In Matamoros, which borders Brownsville, Texas, workers at a maquiladora that makes car battery chargers for US-based Schumex-Shumacher reported to the Autoworker Newsletter a second COVID-19 death. “Infections are on the rise here. On top of the union delegate, a co-worker recently passed away from COVID. Massive infections and deaths are being reported at other Matamoros companies.”
The Schumex plant closed only in April after workers staged a wildcat strike. However, production re-started almost immediately for “volunteers” by offering a bonus. “Most co-workers who got infected worked during the most critical stage of the quarantine,” the worker explained. “We have hand sanitizer all over the plant, get sanitized when entering and leaving, but facemasks are of terrible quality. The medical and administrative staff get N95 facemasks and shields. We, the workers, are replaceable.”
At the auto parts plant Tridonex Cardone in Matamoros, workers carried out several wildcat strikes this month to oppose the coverup of a COVID-19 outbreak by management, which has fired dozens of militants. Last week, workers reported three new COVID-19 deaths on their social media groups, bringing the total to five.
“The maquiladora continues to operate at full capacity; only the workshop area was closed,” a worker wrote on Facebook. Another added: “What a shame! I was able to meet two of those excellent people and co-workers. It truly makes me angry how the company acts like nothing is going on and only cares about production.”
In Ciudad Juárez, which borders El Paso, Texas, workers at Lear Corporation’s Río Bravo maquiladora, which makes car seat covers, reported that social distancing measures are not being enforced either inside the plant or in buses that transport workers to their jobs. Before the plant closed temporarily in late March, a COVID-19 outbreak resulted in at least 20 deaths.
The health authorities are helping cover up the deaths among workers. Last week, the secretary of health of the state of Chihuahua, where Ciudad Juárez is located, claimed that COVID-19 deaths among maquiladora workers in the state had increased from 17 to 25 since the June 1 federal reopening. However, investigative journalists at La Verdad had documented at least 27 deaths by mid-May in only two maquiladoras, including Río Bravo.
Companies have also had a free hand at firing workers who protest the lack of health protections.

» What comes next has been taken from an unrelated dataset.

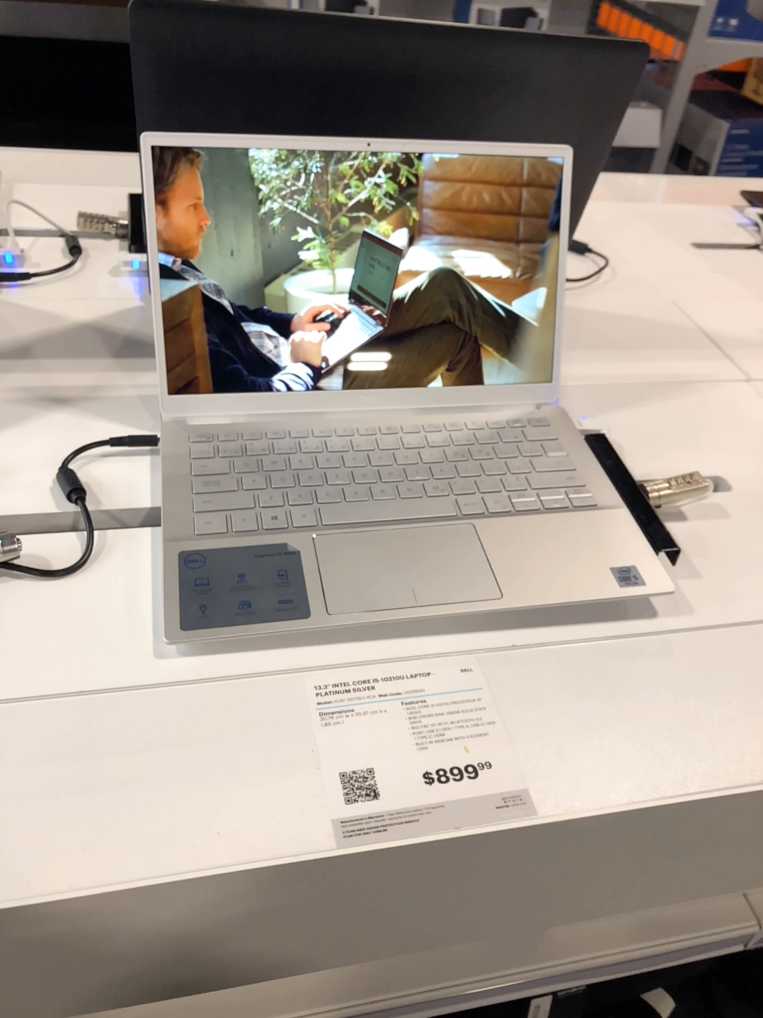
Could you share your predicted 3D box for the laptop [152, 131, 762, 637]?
[{"bbox_3d":[0.011,-0.102,0.539,0.293,0.165,0.294,-4,43,-10],"label":"laptop"}]
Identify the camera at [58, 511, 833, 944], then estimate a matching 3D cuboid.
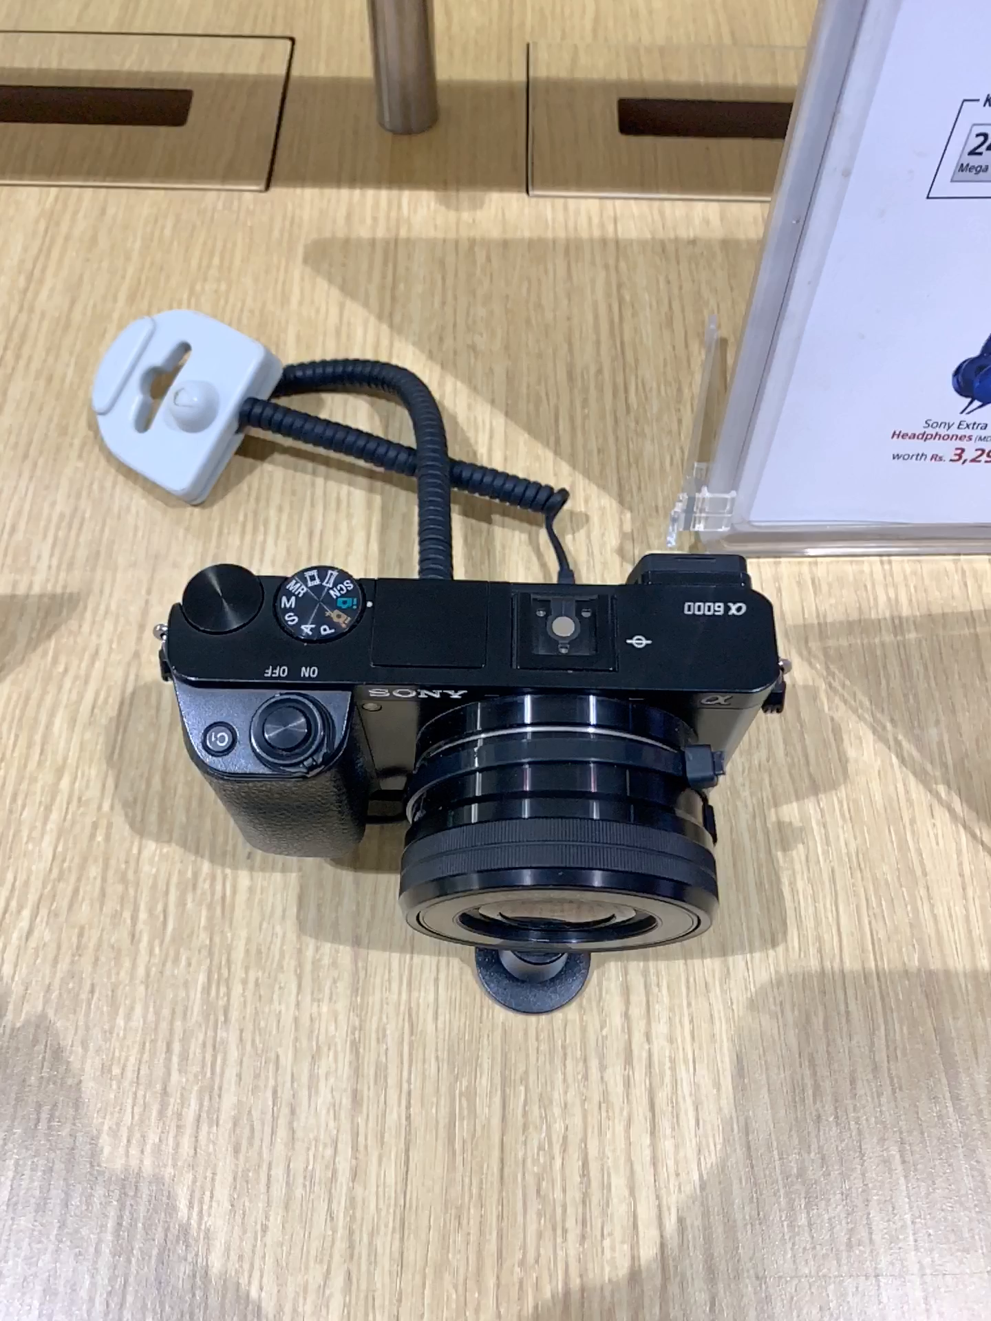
[{"bbox_3d":[-0.009,0.018,0.219,0.130,0.070,0.070,0,62,0],"label":"camera"}]

At least ten workers at the Swedish-based refrigerator manufacturer Electrolux in Ciudad Juárez denounced the corporation for firing and blacklisting them after protesting on April 7. The plant closed temporarily in response to unrest, but only after two workers had already succumbed to COVID-19.

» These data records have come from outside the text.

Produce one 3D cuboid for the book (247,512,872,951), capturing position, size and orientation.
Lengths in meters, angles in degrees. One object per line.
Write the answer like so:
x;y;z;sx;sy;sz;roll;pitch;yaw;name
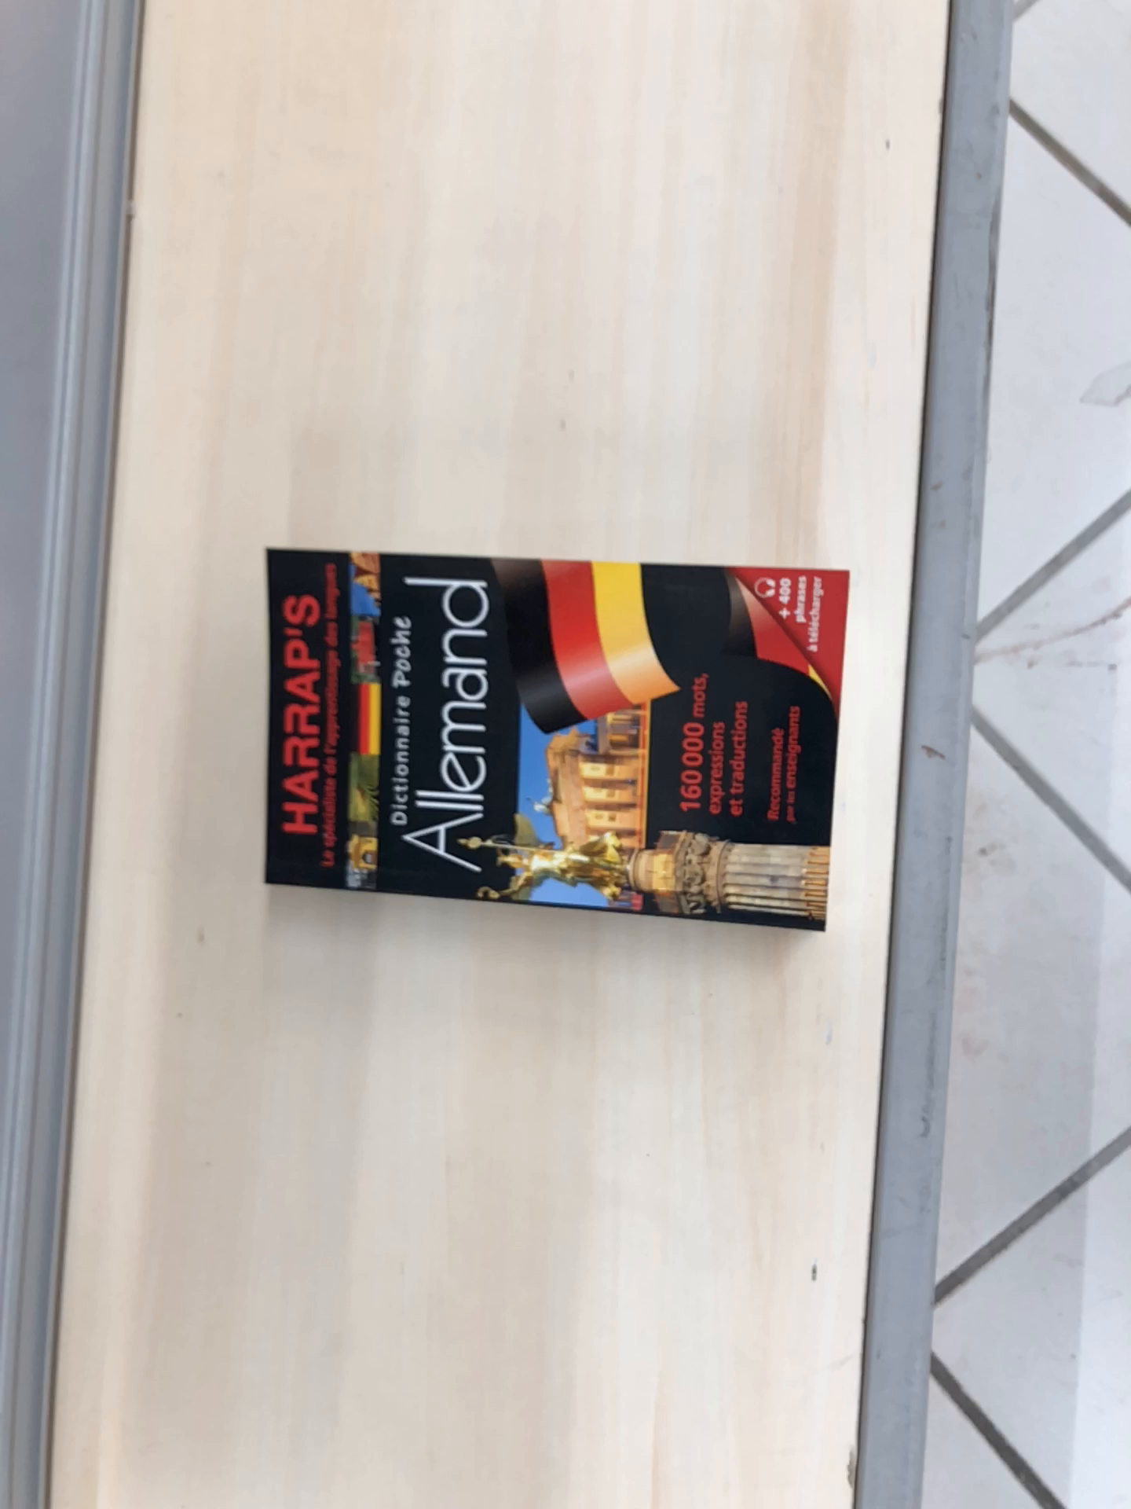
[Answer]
0.001;-0.008;0.399;0.180;0.060;0.122;2;86;10;book

A fired Electrolux worker told Mexico Webcast: “We demanded safety measures since there were no good conditions [to work]; no one was wearing masks or had hand sanitizer. There was no safe distancing. All workers left in group and traveled on buses without safety measures.”

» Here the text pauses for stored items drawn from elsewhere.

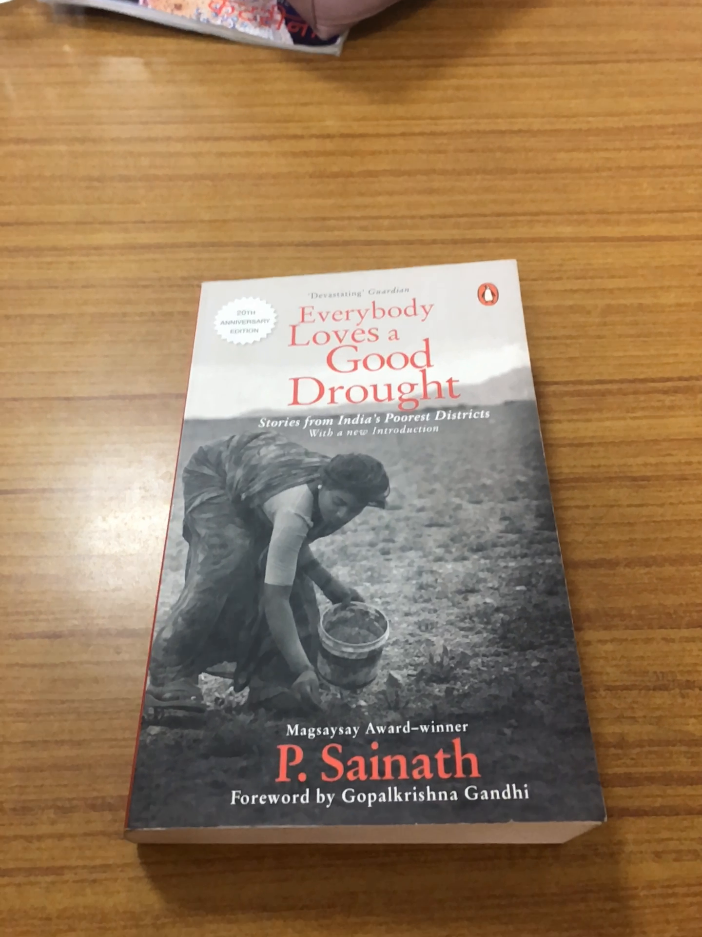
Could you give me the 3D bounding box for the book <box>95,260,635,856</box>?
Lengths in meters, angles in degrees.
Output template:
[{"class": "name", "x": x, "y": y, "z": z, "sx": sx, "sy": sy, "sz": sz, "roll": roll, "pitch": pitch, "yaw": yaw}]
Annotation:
[{"class": "book", "x": 0.004, "y": 0.017, "z": 0.276, "sx": 0.140, "sy": 0.040, "sz": 0.210, "roll": 0, "pitch": 58, "yaw": 1}]
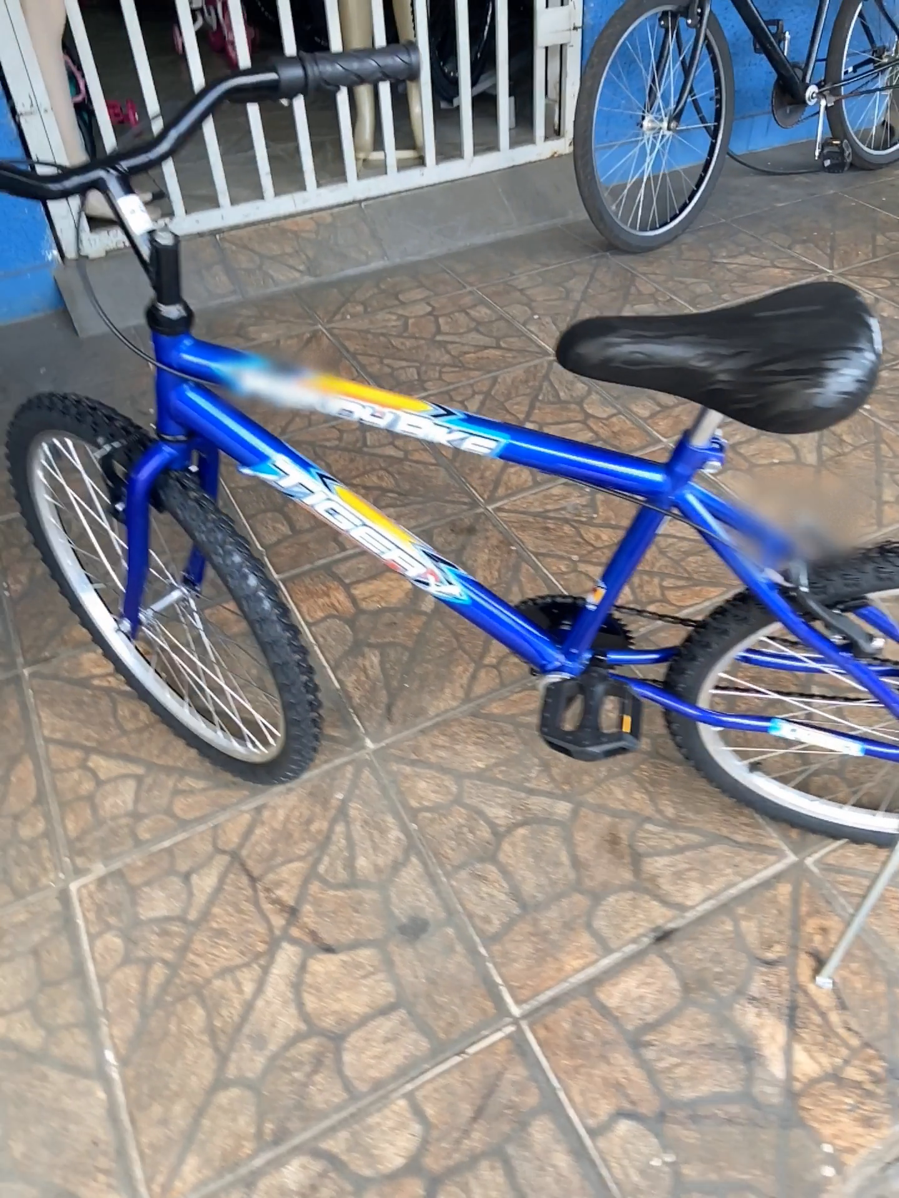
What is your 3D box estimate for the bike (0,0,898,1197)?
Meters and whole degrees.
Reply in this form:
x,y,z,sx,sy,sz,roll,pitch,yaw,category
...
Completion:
x,y,z,sx,sy,sz,roll,pitch,yaw,category
0.107,-0.097,0.991,1.487,0.923,0.626,10,43,12,bike
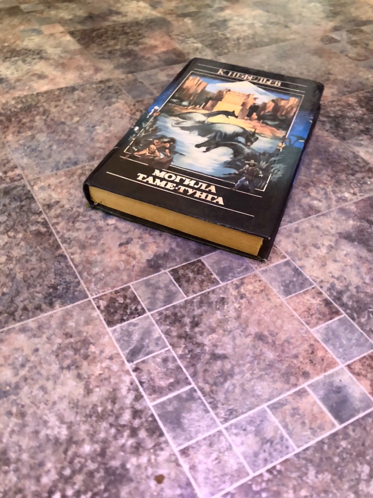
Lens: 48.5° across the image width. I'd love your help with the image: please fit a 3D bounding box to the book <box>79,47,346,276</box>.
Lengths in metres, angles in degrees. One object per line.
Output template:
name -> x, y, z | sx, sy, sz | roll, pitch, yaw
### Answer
book -> 0.034, -0.086, 0.321 | 0.139, 0.030, 0.202 | 19, 52, 13

Laurie Ann Ziménez-Fyvie, a top Microbiology researcher at the National Autonomous University of Mexico (UNAM), warned Forbes México on Tuesday of a “catastrophic” scenario if the economic reopening and lack of testing continues into October, the beginning of the flu season that lasts until March 2021. This would “highly compromise hospital occupancy and radically increase deaths,” she said.
“The government should not have forced its citizens to choose between going out to work in order to eat or get infected with COVID. People need to have assistance and the appropriate safety measures: information to better take care of themselves, supplies and economic support,” Ziménez-Fyvie concluded.